-- Available data follows --

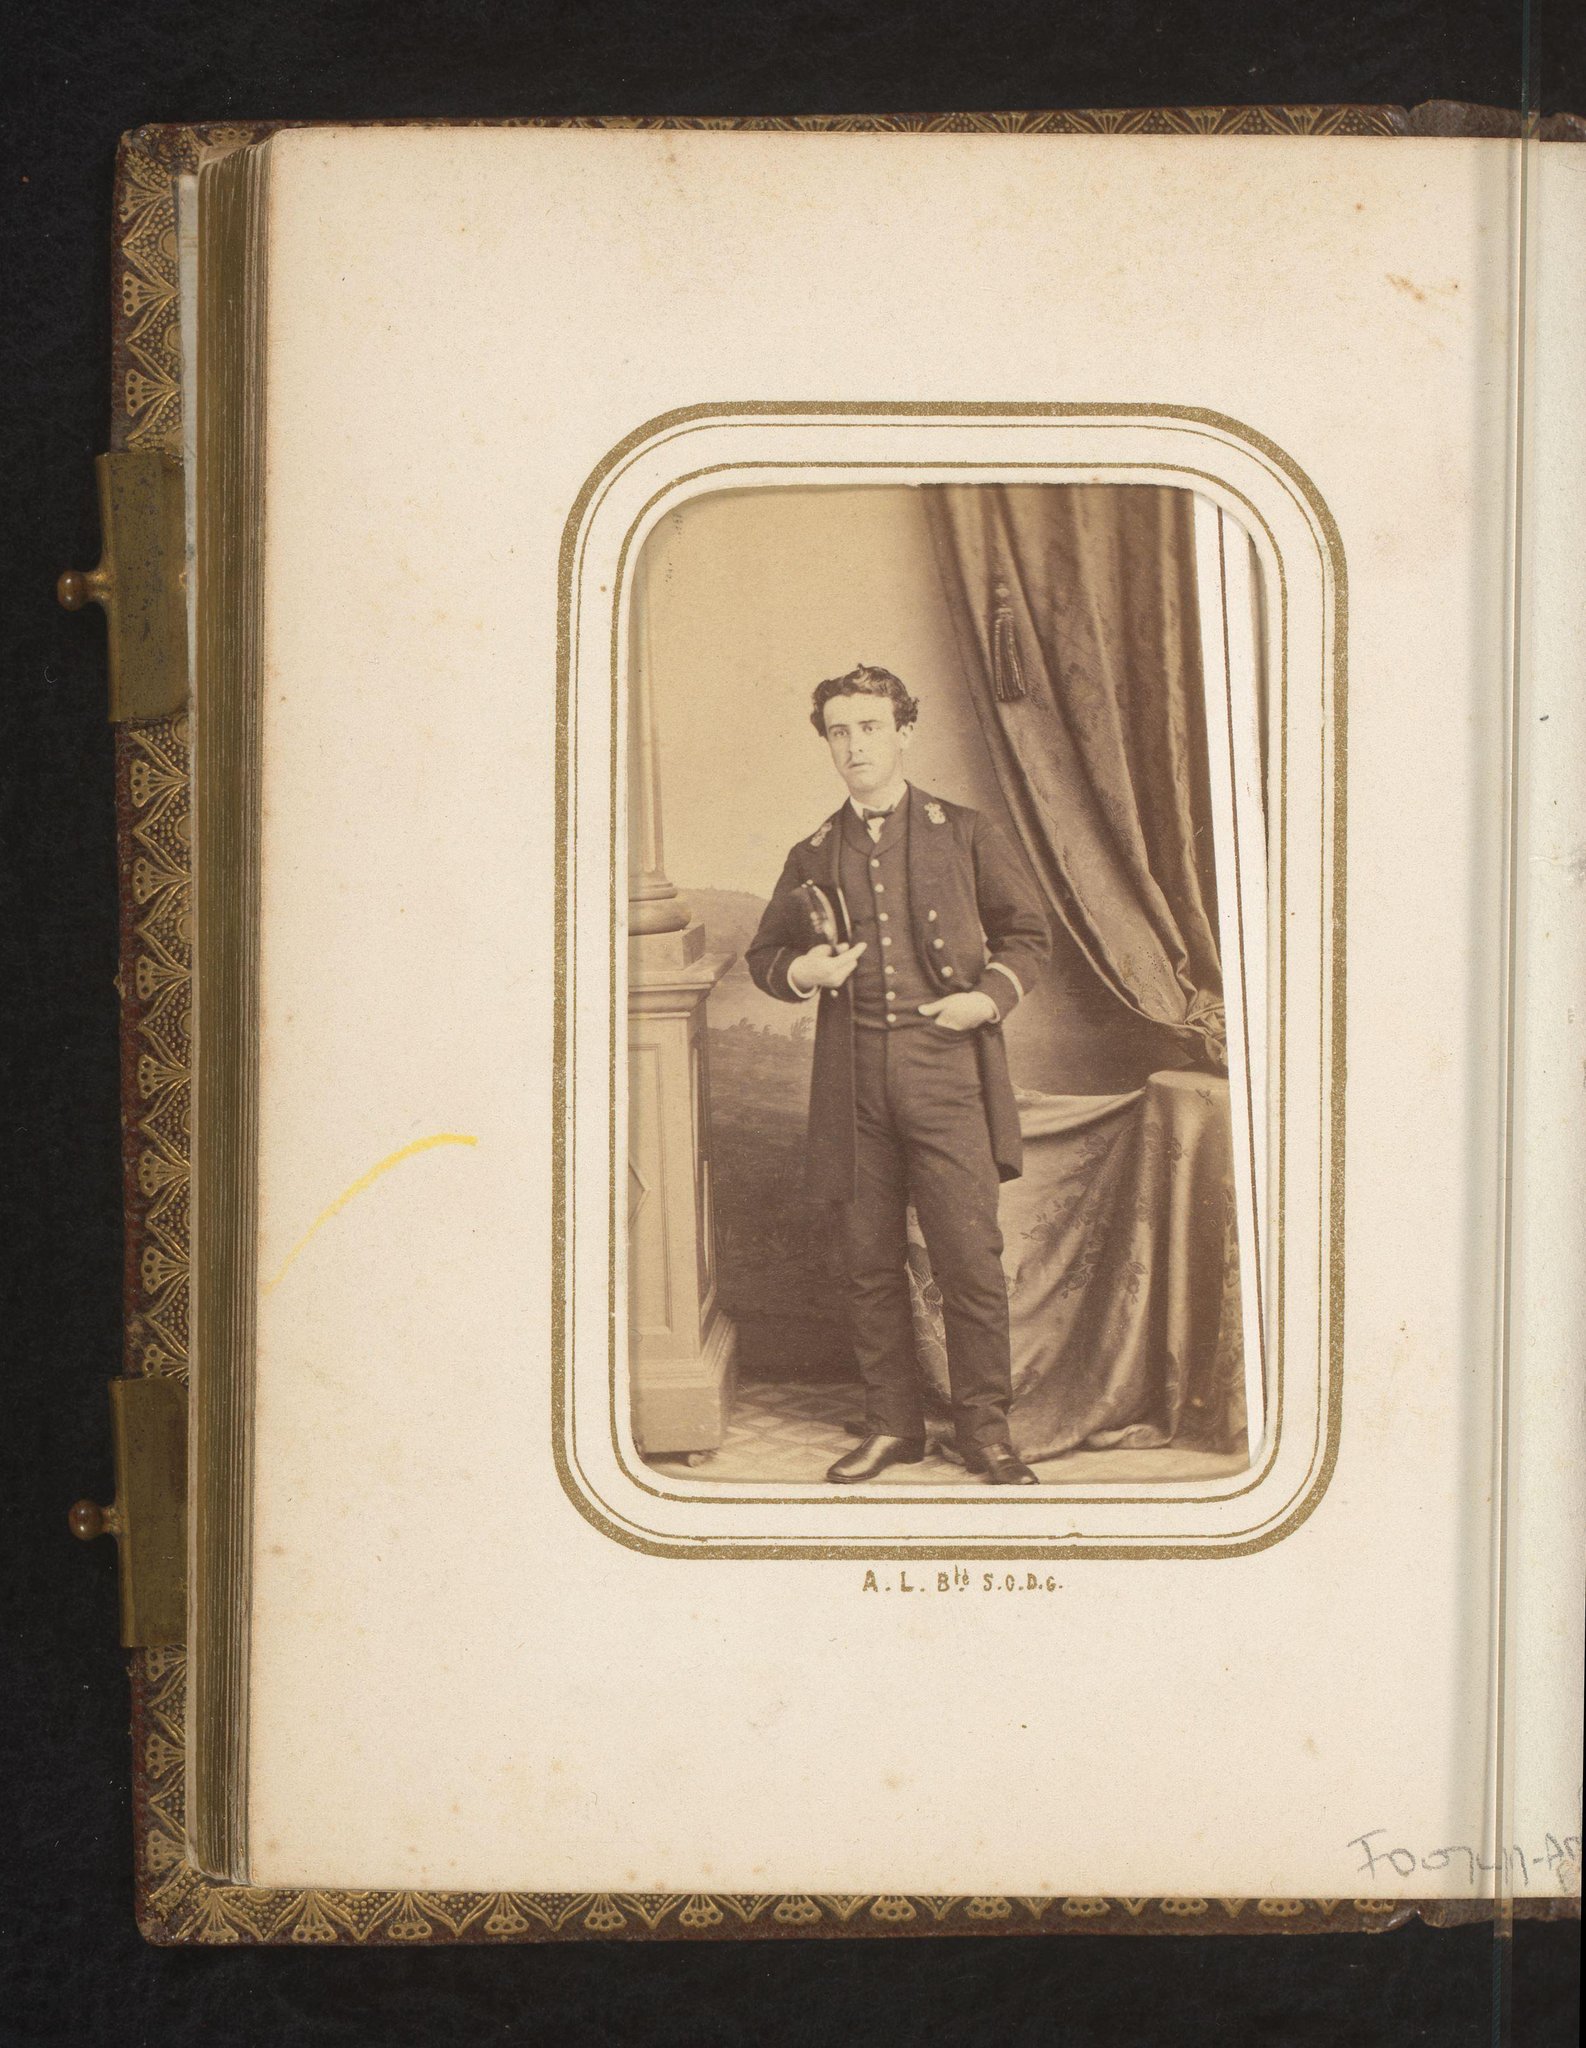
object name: album leaf
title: Portret staande jongeman in marine uniform
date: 1860-1870
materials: cardboard, photographic support
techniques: albumen print
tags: adult man, historical persons, (military) uniforms
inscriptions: inscription: ‘Fotografia del puerto/ J.B. Varonne y Cia/ Fotografo/ Calle del 25 de Agusto No 102 y 104/ Montevideo’, inscription: ‘A.L. B.te S.C.D.G.’

-- Available data concluded --

> **Exercise aim**:
I would like the material above returned exactly as it stands, without its pictures.

> **Exercise answer**:
object name: album leaf
title: Portret staande jongeman in marine uniform
date: 1860-1870
materials: cardboard, photographic support
techniques: albumen print
tags: adult man, historical persons, (military) uniforms
inscriptions: inscription: ‘Fotografia del puerto/ J.B. Varonne y Cia/ Fotografo/ Calle del 25 de Agusto No 102 y 104/ Montevideo’, inscription: ‘A.L. B.te S.C.D.G.’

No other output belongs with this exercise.